3. Sugar cane milling – The food detectives move down the sugar cane processing line. Here, NIR technology is used to characterize raw juice extracted from the milling unit, mainly by measuring sucrose and Brix levels. The system also monitors the bagasse after the last mill by analyzing its sucrose and moisture content. These continuous measurements provide instant information to the operator, for feedback loop control of the cane preparation step as well as for milling settings, such as imbibition rate, shredded cane rate entering the mill and mill speed. All in all, the operator can optimize sugar cane processing at this step by:

  • Making real-time adjustments of the mill for efficient extraction and constant high sucrose content in the juice
  • Correctly dosing flocculants for subsequent clarification
  • Decreasing sucrose loss in the bagasse
  • Making sure there is suitable moisture content in the bagasse for efficient boiler performance
  • Reducing energy consumption

4. Evaporation, crystallization and separation – The food detectives move on to the next step needed to convert sugar cane into sugar. The plant manager had placed the next NIR analyzer at the outlet of the evaporator and crystallizer to help minimize sucrose loss and degradation, to control color formation and make sure he can closely regulate operation variables.

The massecuite produced during crystallization undergoes a further centrifugation step to separate the sugar crystals from the molasses. The NIR unit helps achieve better quality of the sugar crystals at this step. NIR technology also lets the plant manager continuously measure sucrose content and color, so he can adjust the levels of water addition to avoid sucrose loss. The NIR unit also supports better use of heating energy and reduction of production costs.

5. Raw sugar drying and storage – During the drying step, the operator measures the moisture content and colour (ICUMSA) to produce a consistent quality product that remains free of lumps and discoloration during storage. The operator must also document final product composition for POL, moisture and colour.

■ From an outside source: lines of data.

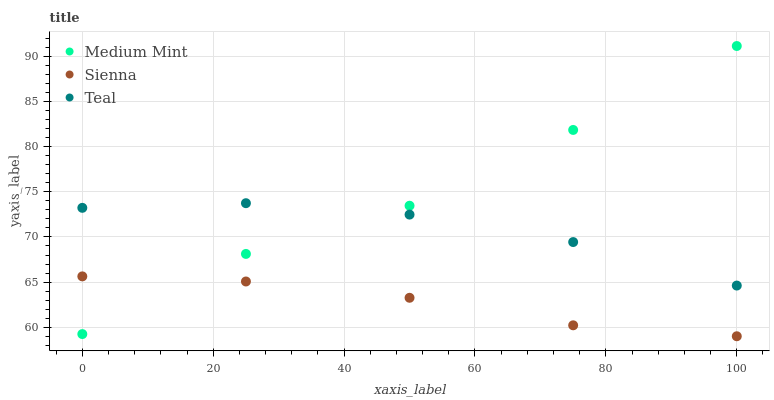Does Sienna have the minimum area under the curve?
Answer yes or no. Yes. Does Medium Mint have the maximum area under the curve?
Answer yes or no. Yes. Does Teal have the minimum area under the curve?
Answer yes or no. No. Does Teal have the maximum area under the curve?
Answer yes or no. No. Is Sienna the smoothest?
Answer yes or no. Yes. Is Medium Mint the roughest?
Answer yes or no. Yes. Is Teal the smoothest?
Answer yes or no. No. Is Teal the roughest?
Answer yes or no. No. Does Sienna have the lowest value?
Answer yes or no. Yes. Does Teal have the lowest value?
Answer yes or no. No. Does Medium Mint have the highest value?
Answer yes or no. Yes. Does Teal have the highest value?
Answer yes or no. No. Is Sienna less than Teal?
Answer yes or no. Yes. Is Teal greater than Sienna?
Answer yes or no. Yes. Does Medium Mint intersect Sienna?
Answer yes or no. Yes. Is Medium Mint less than Sienna?
Answer yes or no. No. Is Medium Mint greater than Sienna?
Answer yes or no. No. Does Sienna intersect Teal?
Answer yes or no. No. 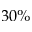Convert formula to latex. <formula><loc_0><loc_0><loc_500><loc_500>3 0 \%</formula> 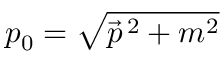<formula> <loc_0><loc_0><loc_500><loc_500>p _ { 0 } = \sqrt { { \vec { p } } ^ { \, 2 } + m ^ { 2 } }</formula> 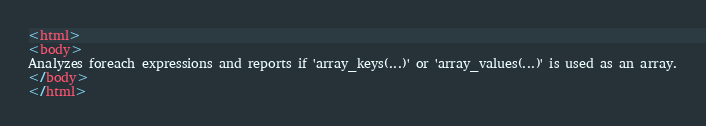<code> <loc_0><loc_0><loc_500><loc_500><_HTML_><html>
<body>
Analyzes foreach expressions and reports if 'array_keys(...)' or 'array_values(...)' is used as an array.
</body>
</html></code> 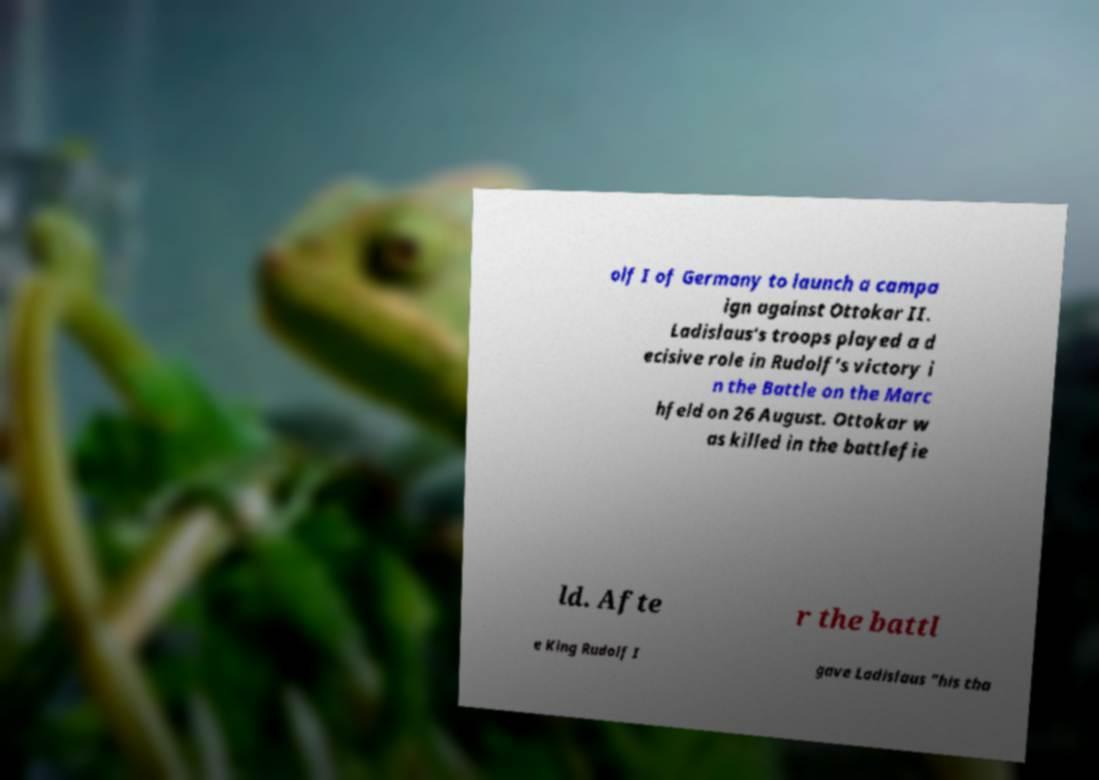What messages or text are displayed in this image? I need them in a readable, typed format. olf I of Germany to launch a campa ign against Ottokar II. Ladislaus's troops played a d ecisive role in Rudolf's victory i n the Battle on the Marc hfeld on 26 August. Ottokar w as killed in the battlefie ld. Afte r the battl e King Rudolf I gave Ladislaus "his tha 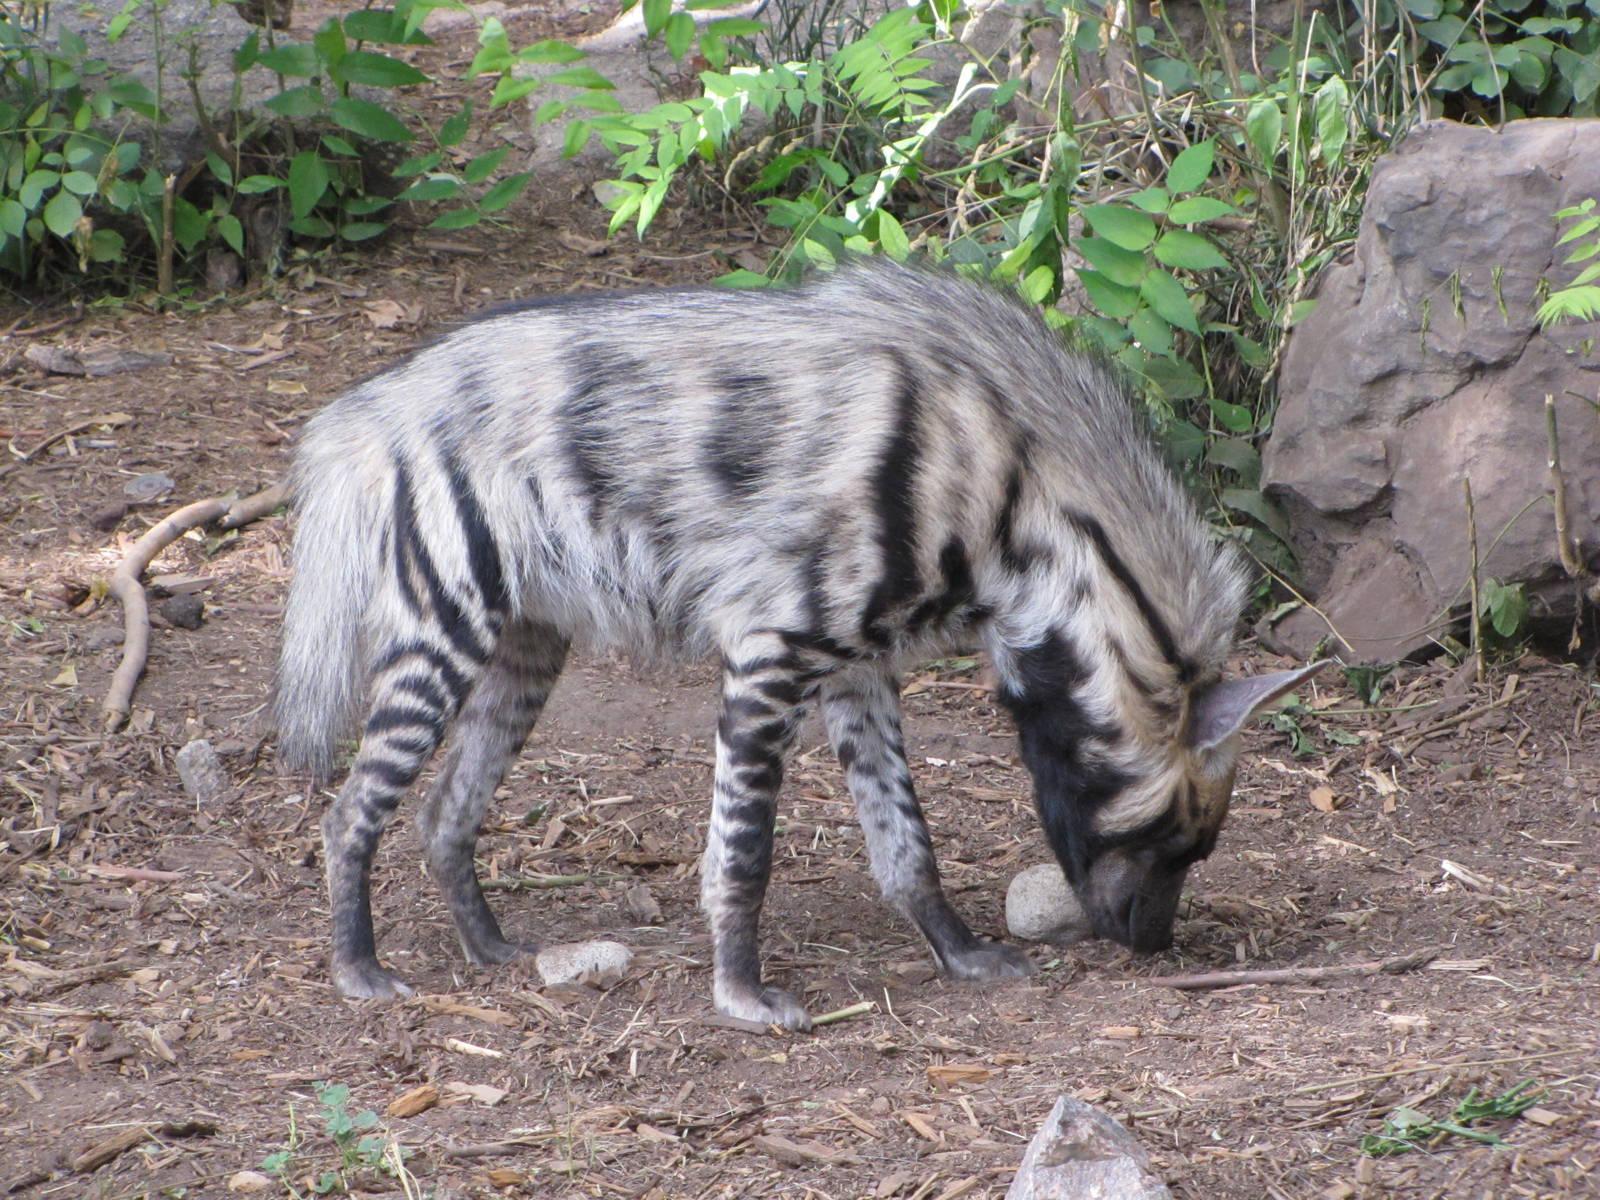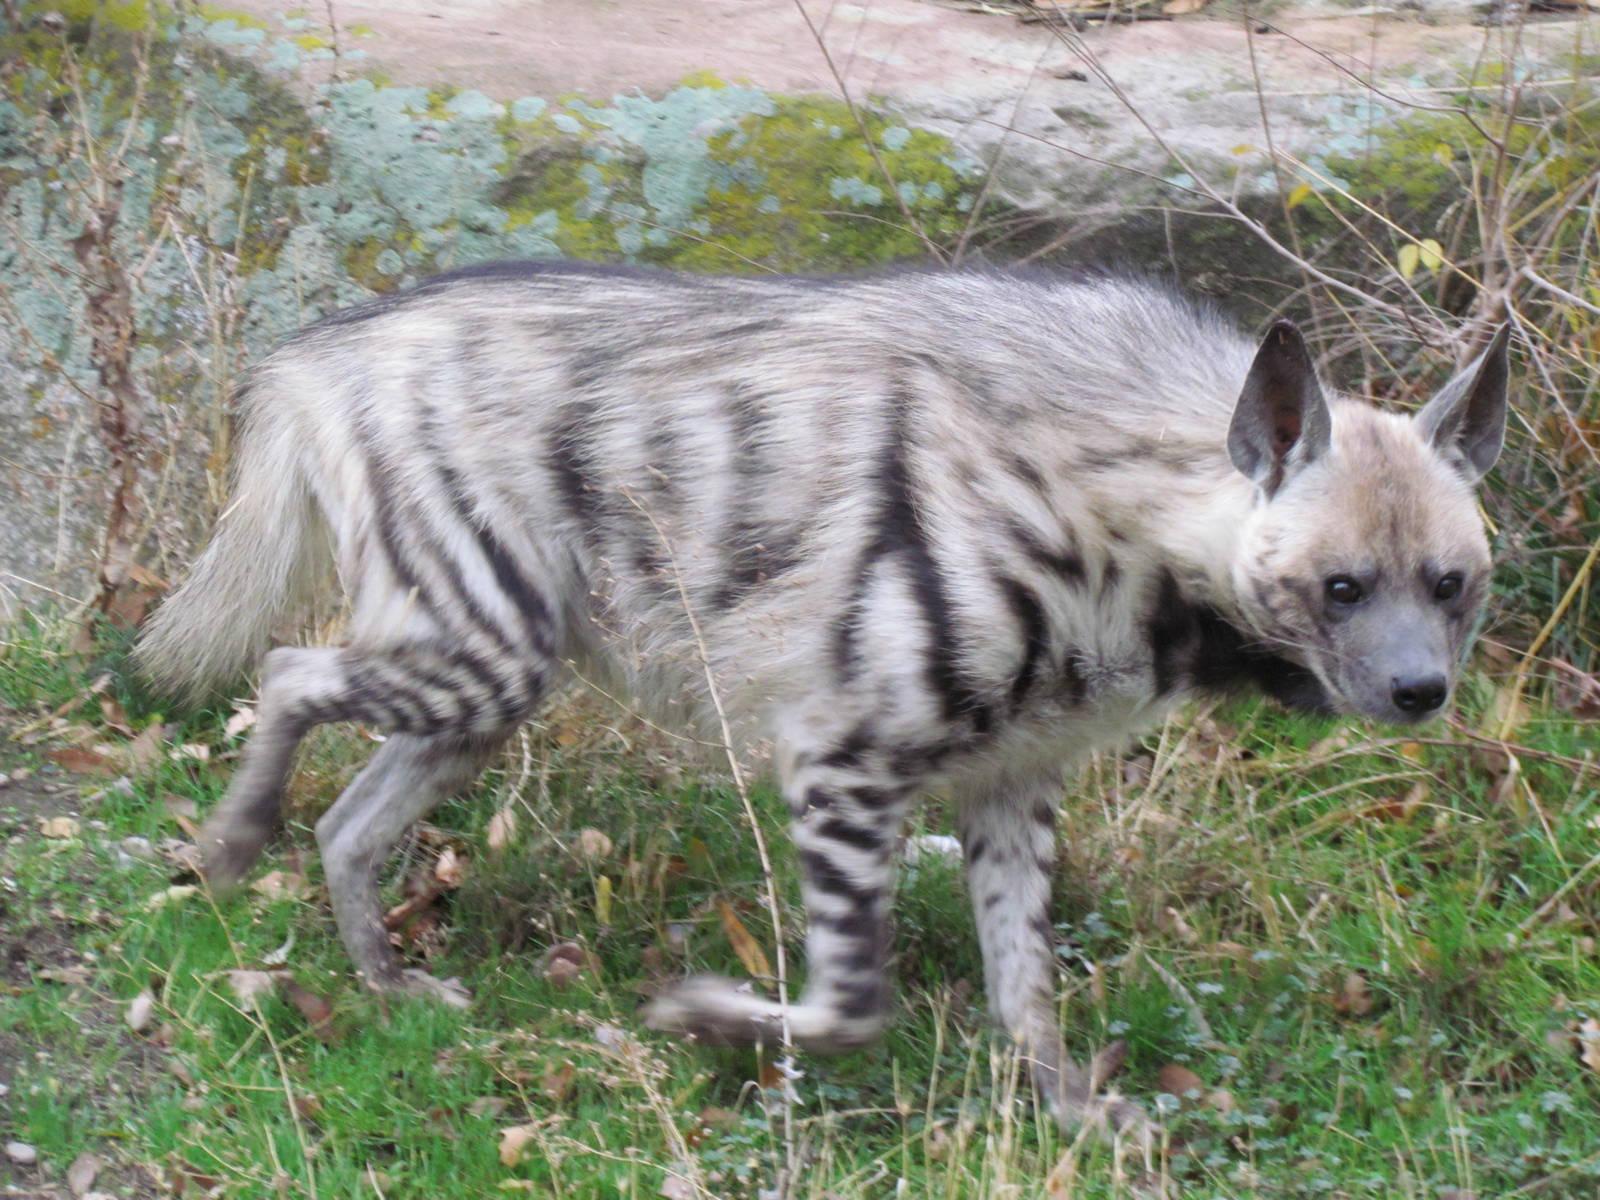The first image is the image on the left, the second image is the image on the right. Examine the images to the left and right. Is the description "There are two animals in the image on the left." accurate? Answer yes or no. No. The first image is the image on the left, the second image is the image on the right. For the images displayed, is the sentence "There is only one hyena in the left-hand image." factually correct? Answer yes or no. Yes. 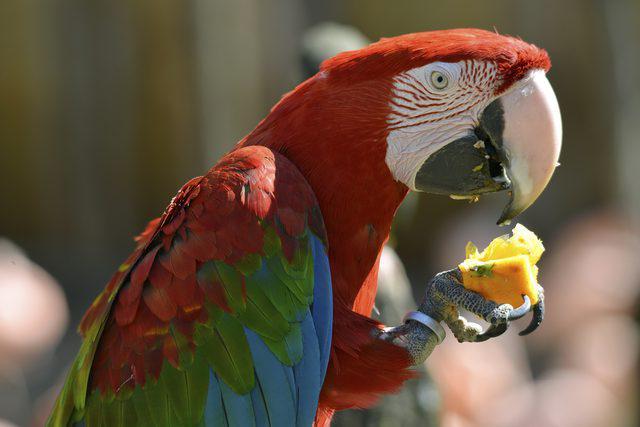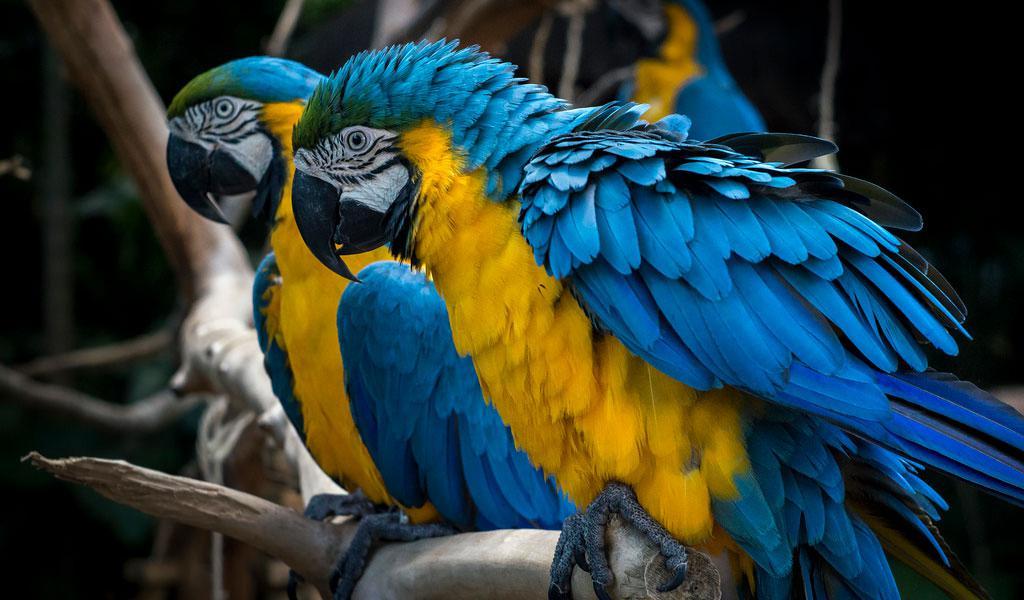The first image is the image on the left, the second image is the image on the right. For the images displayed, is the sentence "There are at least two blue parrots in the right image." factually correct? Answer yes or no. Yes. The first image is the image on the left, the second image is the image on the right. Evaluate the accuracy of this statement regarding the images: "An image contains one red-headed parrot facing rightward, and the other image contains blue-headed birds.". Is it true? Answer yes or no. Yes.

The NIR-Online system supports this step by avoiding rework time and costs and ensuring the final product composition meets specifications and quality standards.

The food detectives have now completed their tour and are amazed at the results. Nancy Beef is busy jotting down notes. But the quality control manager is happy to produce a summary of the parameters he controls during sugar cane processing using NIR technology:

He invites them into their office and shows them real hard data on why he finds NIR technology to be so sweet for his business. He pulls out a graph that shows how he has managed to save 183,000€ last year by using NIR to optimize his extraction process. His calculations show that his cane sugar production was of 146,000 tons last year. He considers that 1 ton of sugarcane can produce 100 kg of sugar and his plant has a crushing capacity of 4,000 tons. By successfully increasing his yield by 0.5% thanks to continuous monitoring of sugar cane, bagasse and juice composition, he obtained an additional annual yield of 730 tons. This corresponded to 182,500€ of extra profit for him.

Both the customer and the food detectives are so excited about these results! They go out in the evening to celebrate, and this time the caipirinhas are no longer virgin. As a parting gift, he also offers the food detectives a video on how NIR is used for monitoring the quality of sugar cane made by his team. And the food detectives put their sugar cane customer in touch with the palm oil producer, as another NIR superfan. They also share a great webinar on quality control of palm oil and other edible oils in case he wants to see another application of the NIR technology.

On the return flight, the detectives discuss if some day all flights will be powered by bioethanol made from sugar cane! Airbus just flew its biggest jet from Toulouse to Nice, France, a three-hour flight, on 100% sustainable fuel. They hope that maybe Switzerland – Brazil is not so far in the future! Maybe one of their cases should be on bioethanol production from sugar cane indeed!